A company doesn't have to be huge to go global, but it must do its homework and then be prepared for a lot of paperwork, all while staying responsive to its clients' needs, according to experts.
“A family-owned manufacturer and distributor in South Jersey that does about $50 million a year in sales wanted to expand internationally,” said Christopher Gaffney, a tax partner at the Clifton office of Sax LLP and member of the accounting, tax and advisory firm’s manufacturing and distribution industry service group. “Before they did anything, though, we recommended conducting a market research study that examined the current demand and growth potential for their products in a variety of overseas markets. Once completed, we helped them digest the results and weigh whether the cost of compliance for nexus in foreign markets outweighed the value of being there.”
The market studies suggested a thumbs-up, so the next step was to consider nuts-and-bolts issues such as: registering and remitting local income tax; VAT (Value Added Tax) and other taxes; whether U.S. taxes could be offset by taxes paid overseas; and, where applicable, limits on transfer pricing, or the price that one arm of a company charges another for supplies or labor.
Sax LLP is a member of the RSM US Alliance and RSM International — an affiliation of independent accounting and consulting firms — so Gaffney and other partners were able to tap into a global pool of on-the-ground local talent for accurate and timely information.
“In this case, it worked out well for the company,” noted Joshua Chananie, a Sax manufacturing and distribution partner who also works with the client. “But each case is different, and every country is different, so you need to do an analysis before going overseas or [if you’re already global] even expanding into an additional country. Company branding and brand name recognition plays a critical role, as a foreign customer’s ability to recognize the product and company will help grow top-line sales and ultimately profitability.”
Companies should also make sure they hire the “right” sales people, those who are dedicated and know more than just the product, Chananie suggested.
“You want to find someone who has done business with the jurisdiction before and knows the lay of the land,” he said.
Businesses that are operating in certain countries may also find themselves getting hit up for “grease-the-palm” handouts that make can make it easier to overcome roadblocks. But while those kind of under-the-table payments are standard procedure in some countries, they’re illegal under U.S. laws including the Foreign Corrupt Practices Act (FCPA). In one infamous 2011 example, New Brunswick-based Johnson & Johnson paid more than $48.6 million to settle — without admitting or denying the allegations —Securities and Exchange Commission charges it had bribed public doctors in several European countries and paid kickbacks to Iraq to illegally obtain business.
One business owner who says he is vigilant about staying on the right side of the law is David Whitman, CEO of Sunhillo.

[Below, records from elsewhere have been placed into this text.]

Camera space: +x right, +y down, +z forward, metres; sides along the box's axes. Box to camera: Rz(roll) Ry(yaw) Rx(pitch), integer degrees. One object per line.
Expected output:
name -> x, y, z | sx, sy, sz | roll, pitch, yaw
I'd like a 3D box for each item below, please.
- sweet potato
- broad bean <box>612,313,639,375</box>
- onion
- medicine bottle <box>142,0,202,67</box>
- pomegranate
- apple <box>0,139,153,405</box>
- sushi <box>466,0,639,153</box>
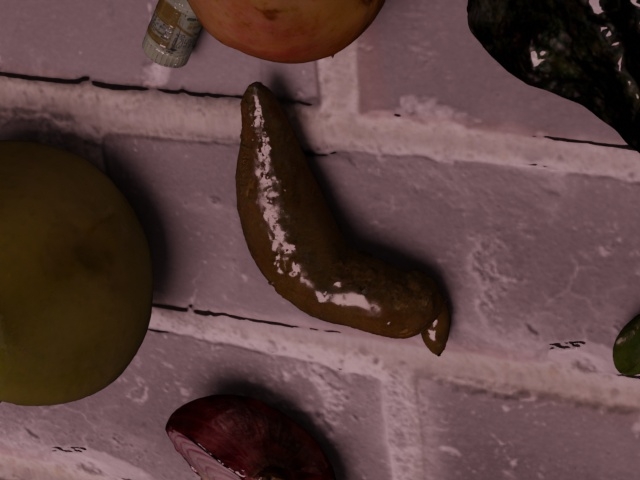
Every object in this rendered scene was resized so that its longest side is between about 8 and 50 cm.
sweet potato -> -0.001, 0.004, 1.420 | 0.124, 0.098, 0.310 | -38, 95, 18
broad bean -> 0.326, 0.036, 1.283 | 0.256, 0.052, 0.053 | -48, 67, 40
onion -> -0.054, 0.226, 1.578 | 0.206, 0.098, 0.151 | 45, 155, -10
medicine bottle -> -0.130, -0.203, 1.396 | 0.047, 0.047, 0.083 | 34, 129, 7
pomegranate -> -0.032, -0.233, 1.238 | 0.191, 0.191, 0.191 | 14, 124, 22
apple -> -0.316, 0.047, 1.522 | 0.292, 0.254, 0.292 | 12, 119, 24
sushi -> 0.274, -0.162, 1.094 | 0.350, 0.211, 0.171 | 37, 137, 16

“We ensure that we follow export rules and adhere to FCPA,” said Whitman, whose West Berlin-based company provides surveillance data distribution and conversion products and services for the Federal Aviation Administration, U.S. military and national defense organizations around the world. “This way I never have to worry about any export violations. We just let it be known that we follow U.S. rules, so we never had any problem.”
Sunhillo jumped into the global arena about 20 years ago after “we found we had saturated the U.S. market,” Whitman explained, noting the company already had credibility since its work for the U.S. Department of Defense meant Sunhillo products already were in many U.S. overseas air bases.
However, before the business could sell to overseas civilian and military authorities, “Our products had to be qualified as ‘non-security items’ by the U.S. Commerce Department,” he said. “We also joined the World Trade Center of Greater Philadelphia, which provides help with exporting and other issues.”
Business owners also need to think long-term when they’re dealing with international governments.
“It can take three to five years from an initial sales pitch to an actual sale,” Whitman warned. “A lot of the equipment we sell is part of a larger system, so there’s a lot of design and testing to be done. Also, when you’re dealing with government budgets, you can be facing a multiyear process. Year one they’re setting up a plan, Year two they’re testing it out, and then in year three the budget may finally be implemented.”
Whitman balances the company’s cash flow “with a long pipeline.”
“We’re currently working on projects that were proposed four years ago, and we’re bidding on projects that are four years out,” he said. “Sometimes we’ll also develop products that government agencies haven’t even requested yet — but we’ve met with customers and see what they think is happening, and then we’ll invest in R&D and identify products that we think will be needed. This way, when the clients put out a [Request for Proposal], we’re already a step ahead of our competitors.”
In the complex environment of international expansion, that kind of attitude can spell the difference between success or failure.